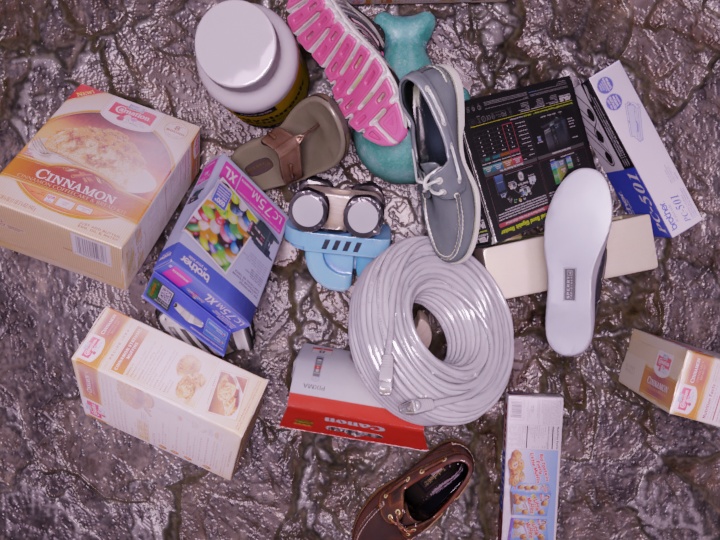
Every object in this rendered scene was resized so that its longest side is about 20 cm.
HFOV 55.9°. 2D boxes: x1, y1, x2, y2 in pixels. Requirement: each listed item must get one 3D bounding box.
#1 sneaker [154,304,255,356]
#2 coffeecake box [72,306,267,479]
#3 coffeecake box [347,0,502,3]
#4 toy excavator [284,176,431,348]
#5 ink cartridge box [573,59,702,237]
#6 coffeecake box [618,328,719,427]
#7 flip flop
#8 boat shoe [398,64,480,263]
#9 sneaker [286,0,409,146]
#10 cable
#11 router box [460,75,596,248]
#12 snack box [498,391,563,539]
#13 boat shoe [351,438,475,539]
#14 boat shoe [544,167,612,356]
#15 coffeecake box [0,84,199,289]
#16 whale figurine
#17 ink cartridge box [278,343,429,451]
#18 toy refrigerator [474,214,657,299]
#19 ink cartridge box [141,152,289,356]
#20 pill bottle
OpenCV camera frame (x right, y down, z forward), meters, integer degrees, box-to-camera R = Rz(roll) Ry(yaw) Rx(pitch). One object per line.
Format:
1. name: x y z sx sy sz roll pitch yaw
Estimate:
1. sneaker: -0.206 0.012 0.829 0.113 0.076 0.205 -13 96 0
2. coffeecake box: -0.219 0.147 0.786 0.197 0.154 0.074 24 54 0
3. coffeecake box: 0.079 -0.399 0.786 0.195 0.073 0.157 -1 95 2
4. toy excavator: 0.000 0.000 0.826 0.190 0.100 0.204 6 108 0
5. ink cartridge box: 0.317 -0.137 0.798 0.044 0.094 0.202 -30 93 2
6. coffeecake box: 0.428 0.138 0.786 0.196 0.154 0.075 16 94 0
7. flip flop: -0.089 -0.133 0.774 0.198 0.058 0.082 -16 110 40
8. boat shoe: 0.073 -0.103 0.688 0.072 0.061 0.205 4 105 45
9. sneaker: 0.003 -0.226 0.740 0.074 0.087 0.202 -43 76 36
10. cable: 0.079 0.065 0.727 0.197 0.069 0.204 12 61 -31
11. router box: 0.178 -0.124 0.771 0.197 0.062 0.153 -20 94 -32
12. snack box: 0.216 0.258 0.864 0.070 0.024 0.205 2 94 0
13. boat shoe: 0.062 0.291 0.848 0.070 0.070 0.200 42 95 -3
14. boat shoe: 0.241 -0.009 0.749 0.069 0.066 0.205 3 98 23
15. coffeecake box: -0.287 -0.099 0.755 0.151 0.074 0.202 19 50 -1
16. whale figurine: 0.053 -0.204 0.793 0.155 0.104 0.205 1 94 1
17. ink cartridge box: -0.003 0.136 0.771 0.159 0.200 0.051 10 94 0
18. toy refrigerator: 0.242 -0.020 0.818 0.196 0.076 0.072 -12 94 3
19. ink cartridge box: -0.153 -0.021 0.759 0.041 0.203 0.119 -19 130 37
20. pill bottle: -0.118 -0.225 0.747 0.109 0.200 0.114 0 94 2

○ ○ ○

▶ Your assignment:
Above this instruction are the records; retype exactly the lines from the one containing "#8 boat shoe [398,64,480,263]" up to and including the one containing "1. name: x y z sx sy sz roll pitch yaw".

▶ Result:
#8 boat shoe [398,64,480,263]
#9 sneaker [286,0,409,146]
#10 cable
#11 router box [460,75,596,248]
#12 snack box [498,391,563,539]
#13 boat shoe [351,438,475,539]
#14 boat shoe [544,167,612,356]
#15 coffeecake box [0,84,199,289]
#16 whale figurine
#17 ink cartridge box [278,343,429,451]
#18 toy refrigerator [474,214,657,299]
#19 ink cartridge box [141,152,289,356]
#20 pill bottle
OpenCV camera frame (x right, y down, z forward), meters, integer degrees, box-to-camera R = Rz(roll) Ry(yaw) Rx(pitch). One object per line.
Format:
1. name: x y z sx sy sz roll pitch yaw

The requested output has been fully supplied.